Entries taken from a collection
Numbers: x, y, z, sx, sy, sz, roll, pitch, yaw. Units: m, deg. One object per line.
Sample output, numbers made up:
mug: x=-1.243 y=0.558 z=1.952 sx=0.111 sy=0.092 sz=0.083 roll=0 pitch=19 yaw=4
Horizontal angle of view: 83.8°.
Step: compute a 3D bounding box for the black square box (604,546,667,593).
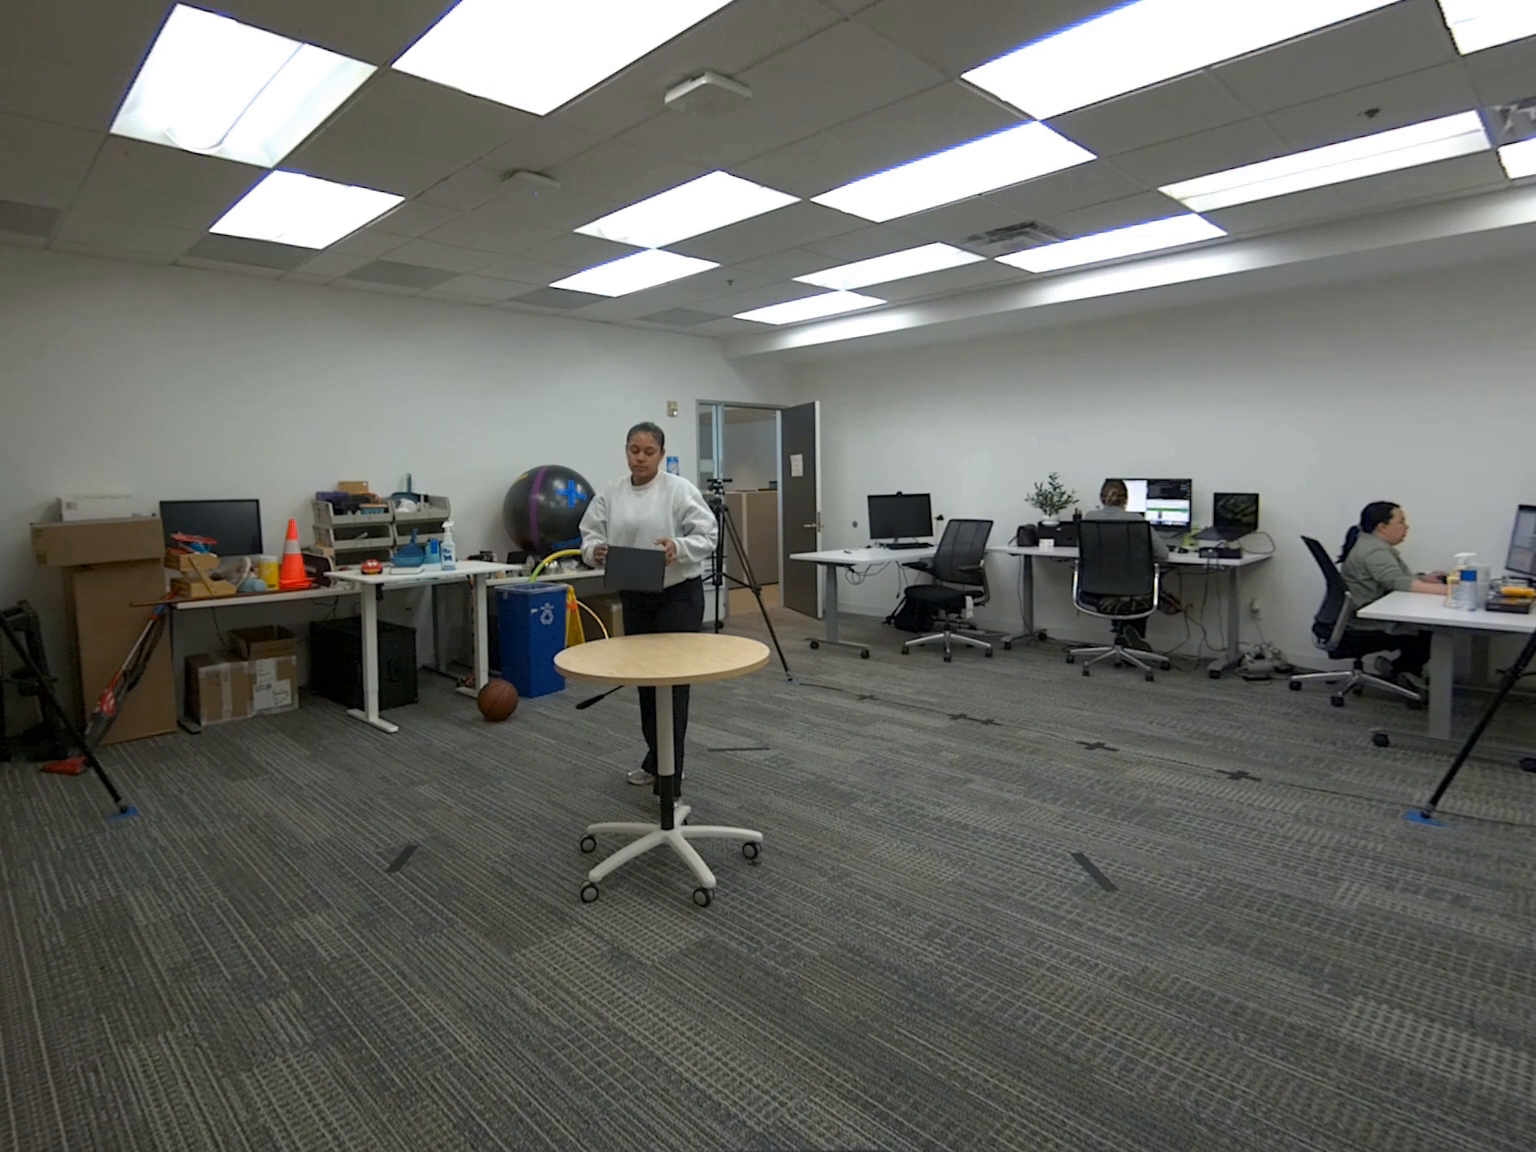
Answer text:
black square box: x=-0.531 y=-0.013 z=3.379 sx=0.227 sy=0.156 sz=0.217 roll=2 pitch=-2 yaw=-4

▶ **WORK ITEM**: I'd like every record above written out again exactly, without the pictures.

▶ **WRITTEN RESPONSE**:
Numbers: x, y, z, sx, sy, sz, roll, pitch, yaw. Units: m, deg. One object per line.
Sample output, numbers made up:
mug: x=-1.243 y=0.558 z=1.952 sx=0.111 sy=0.092 sz=0.083 roll=0 pitch=19 yaw=4
Horizontal angle of view: 83.8°.
Step: compute a 3D bounding box for the black square box (604,546,667,593).
Answer text:
black square box: x=-0.531 y=-0.013 z=3.379 sx=0.227 sy=0.156 sz=0.217 roll=2 pitch=-2 yaw=-4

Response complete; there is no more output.